Sabatino sugirió et.al que los telómeros acortar después de la irradiación puede representar un importante mediador entre exposición a la radiación, la formación de ROS y el daño vascular [21]. El marcado aumento en la radiosensibilidad consecuencia de la inhibición de ADN-PKcs podría haber sido causado por la otra función de DNA-PKcs, que actúa como una proteína de unión de los telómeros [22]. DNA-PKcs abrogación puede dar lugar a un ritmo más rápido de la degradación de los telómeros debido a su interacción con la telomerasa en el mantenimiento de los telómeros [23]. Los estudios han demostrado que el ADN-PKcs también estaba implicado en la protección del extremo de los telómeros. Las características de la disfunción de los telómeros con la inhibición de DNA-PKcs ha sido ampliamente estudiado por Bailey SM et.al. [24], [25]. Estos autores demostraron que los telómeros no niveladas con DNA-PKcs se detectan y procesan de manera inapropiada como DSB, participando así en ionizante eventos de fusión telómero-DSB inducidos por la radiación.

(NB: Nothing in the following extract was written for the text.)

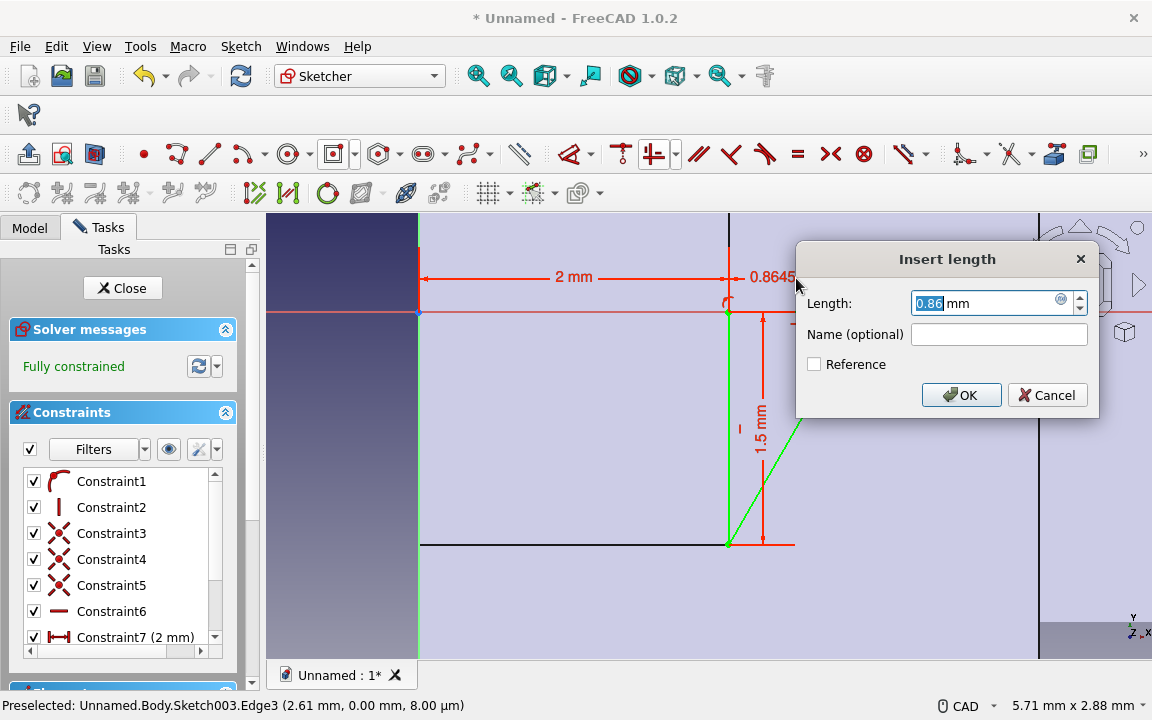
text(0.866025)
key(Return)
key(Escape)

Como un componente crítico en los telómeros extremo tapado [26], la inhibición de ADN-PKcs puede perturbar el correcto acceso de la telomerasa a los telómeros, lo que se traduce en un acortamiento de los telómeros. Como la mayoría de las células cancerosas albergan telómeros más cortos que las células normales, sus telómeros son más propensos a ser reducido a una longitud crítica si la telomerasa es disfuncional. En el presente estudio, se aceleró acortamiento de los telómeros se detectó en las células después de la irradiación de iones de carbono en ADN-PKcs inhibida en células MCF-7, acompañado por una amplia senescencia celular. No podemos detectar acortamiento de los telómeros en las células HeLa después de carbono-ion con la inhibición de DNA-PKcs, debido a su incapacidad para la proliferación continua. La apoptosis significativa en las células HeLa podría estar mediado por la respuesta de daño del ADN. Sin embargo, el ensayo de damge ADN reveló que el daño del ADN fue reparado de manera eficiente dentro de las 24 horas después de la irradiación. Desde DNA-PKcs no sólo participaron en la reparación del ADN de doble soporte, sino que también actúan como un elemento crucial para el final del telómero tapado, es por lo tanto posible que la respuesta al daño del ADN fue inducida por los telómeros disfuncionales. Con el establecimiento de HeLa y células MCF-7 albergaban los telómeros más cortos, se confirmó que la disfunción de los telómeros podría contribuir a la inactivación celular de las células cancerosas después de la irradiación de iones de carbono. Estos resultados proporcionan evidencia de que la inhibición de DNA-PKcs puede resultar en radiosensibilización debido a su papel fundamental en el extremo de los telómeros tapado.
En conclusión, se encontró que NU7026 sensibilizado significativamente las células MCF-7 y HeLa a la irradiación de iones de carbono. Este aumento de la radiosensibilidad fue poco probable causado por la reparación de daños en el ADN incompleto, pero por la disfunción de los telómeros. Nuestros resultados proporcionan evidencia que sugiere que la orientación de la proteína de protección terminal de los telómeros podría ser una manera eficaz de tratar el cáncer de mama.
Reconocimientos
Los autores desean agradecer Programa de Cooperación Exterior de la Academia China de Ciencias, Sociedad Japonesa para la Promoción de la Ciencia y la Nacional de Programa Cooperativo de Investigación. Los autores también agradecen a la Sra H. Arai y Sra. M. Nakajima por su asistencia técnica durante todo el estudio.